Judaism appears to be attracting a growing number of gentile converts who are drawn to the faith for its teachings and practices rather than because of intermarriages.
There has been a longtime debate in Jewish circles about whether synagogues should seek converts (apart from seeking the conversion of partners of interfaith marriages), but it seems that the issue has become a reality as Jewish education programs are drawing many Christians interested in Judaism. Moment magazine (December) reports that when the Reform Jewish education program Taste of Judaism started in 1996, it was intended to bring disaffiliated and Jews back into the fold. Today, half of all the students in the program nationwide (which has spread to 470 synagogues) are non-Jews. In areas of the country with smaller Jewish populations, “that figure rises to 80 even 90 percent,” writes Sue Fishkoff.

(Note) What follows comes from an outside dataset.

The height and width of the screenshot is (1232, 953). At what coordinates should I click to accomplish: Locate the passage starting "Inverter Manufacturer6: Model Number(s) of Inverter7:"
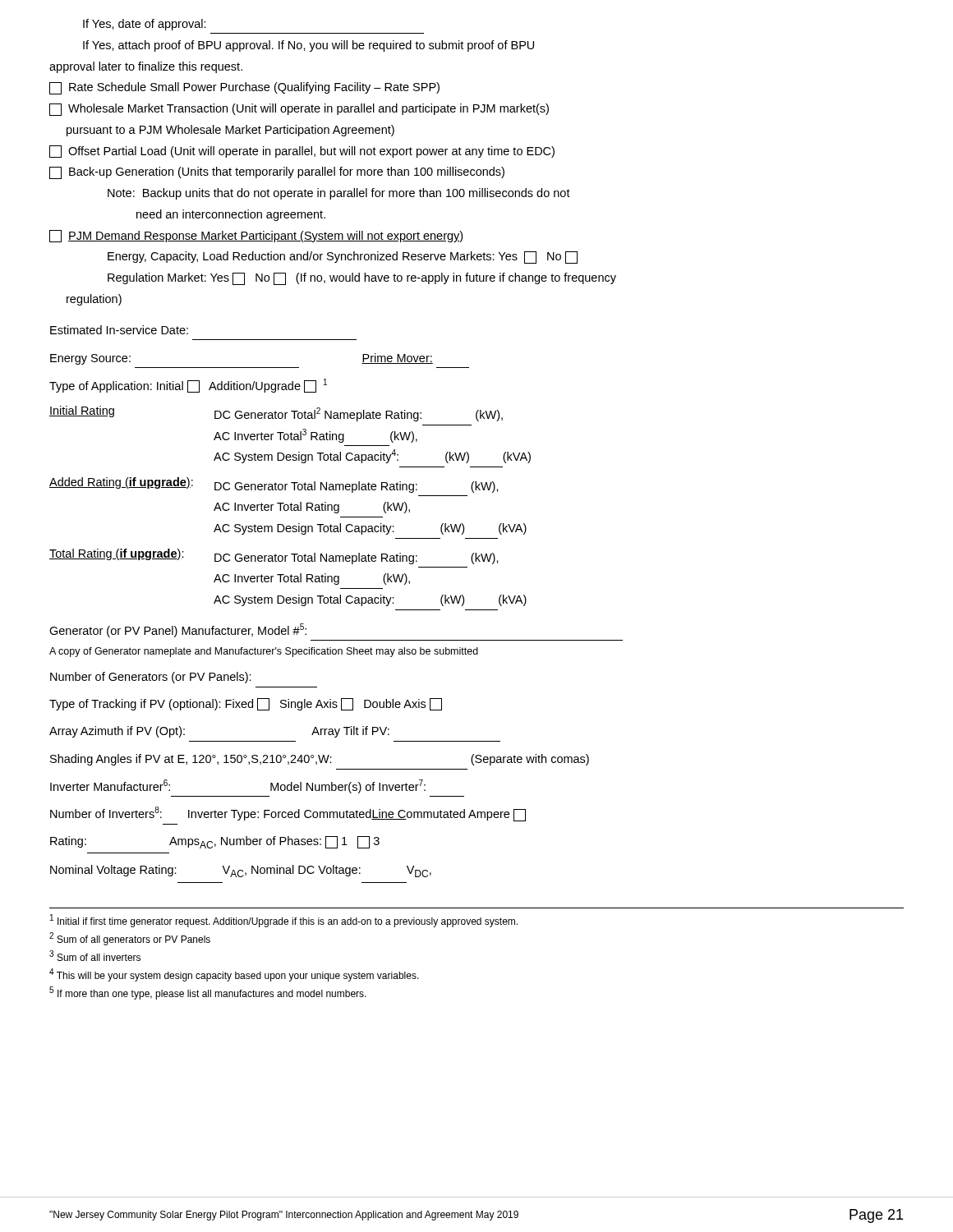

Figures from the Reform movement show that 13 percent of these non-Jews make a full conversion to Judaism. The rate of conversion is high enough that the Reform movement has had to create an Outreach Fellowship Program to train lay leaders to work with the influx of converts “swamping Reform rabbis.” While there is no typical convert, most cite a theological attraction, mentioning disagreements in their former faith. Former Catholics tend to mention the Trinity and the divinity of Jesus as tenets they can no longer believe, while those from a conservative Protestant background more likely find themselves drawn to the Old Testament rather than the New Testament and believe they are finding the “original” scriptures.